[AIM OF THE TASK]
Leave out the pictures and print precisely the lines from the line with "1. truck [456,0,1137,841]" to the final line of the entries, both ends included.

--- SUPPLIED RECORDS ---

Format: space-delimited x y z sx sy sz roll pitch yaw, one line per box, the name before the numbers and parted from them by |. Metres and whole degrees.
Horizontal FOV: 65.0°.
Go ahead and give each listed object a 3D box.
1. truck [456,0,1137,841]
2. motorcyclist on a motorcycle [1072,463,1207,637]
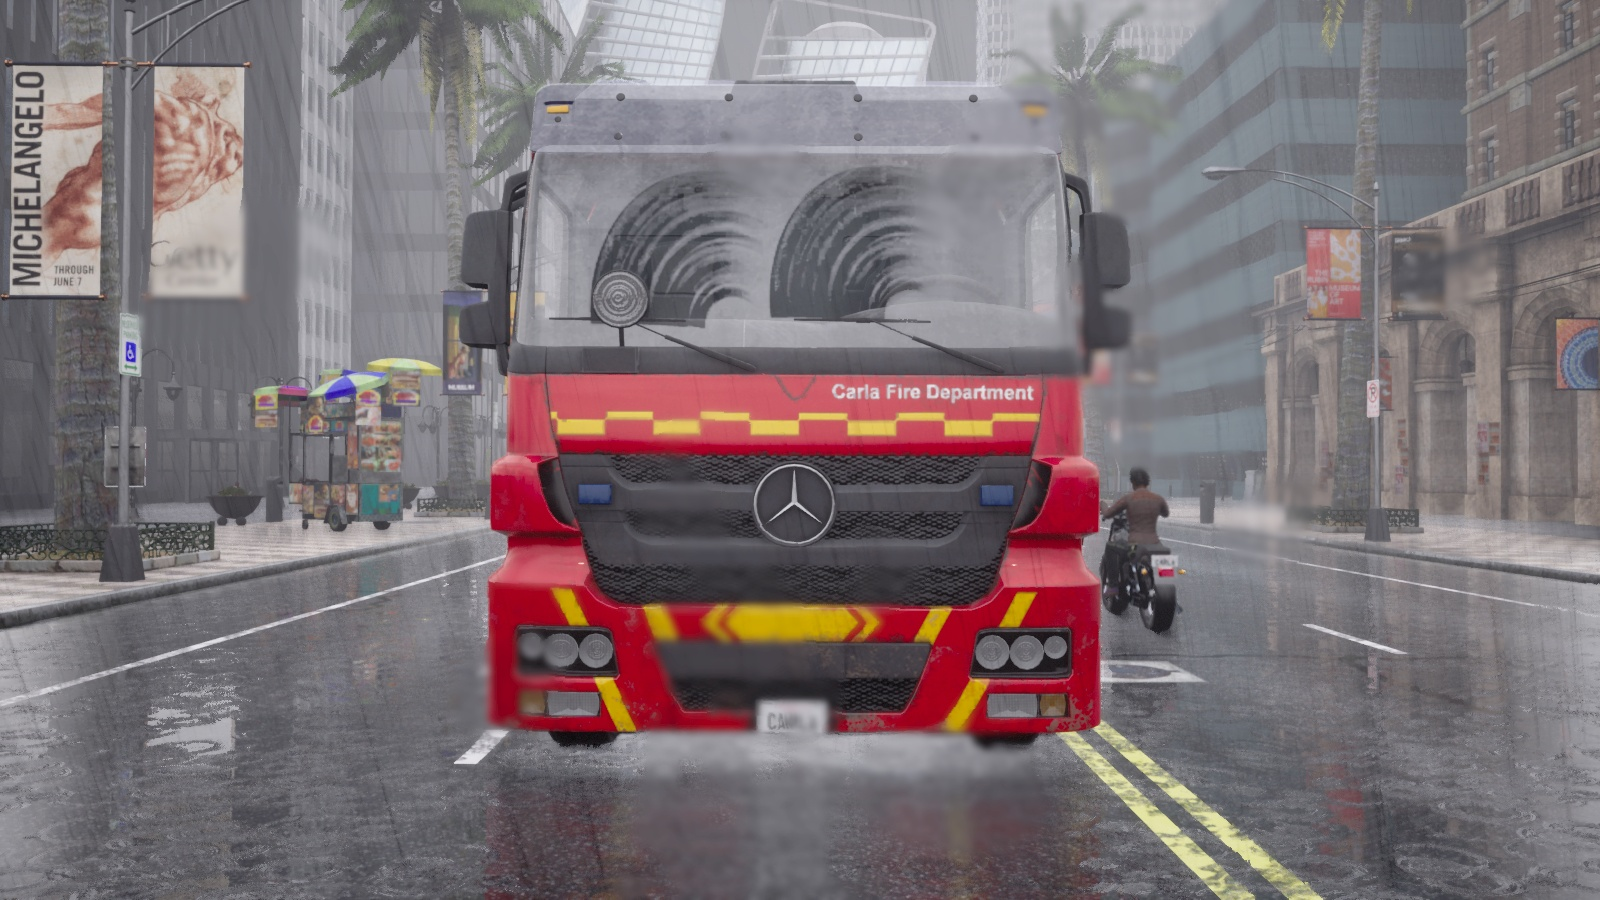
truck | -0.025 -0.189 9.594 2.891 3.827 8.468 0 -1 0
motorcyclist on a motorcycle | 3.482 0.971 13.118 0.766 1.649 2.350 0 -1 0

---

[SOLUTION FOR THIS PROBLEM]
1. truck [456,0,1137,841]
2. motorcyclist on a motorcycle [1072,463,1207,637]
truck | -0.025 -0.189 9.594 2.891 3.827 8.468 0 -1 0
motorcyclist on a motorcycle | 3.482 0.971 13.118 0.766 1.649 2.350 0 -1 0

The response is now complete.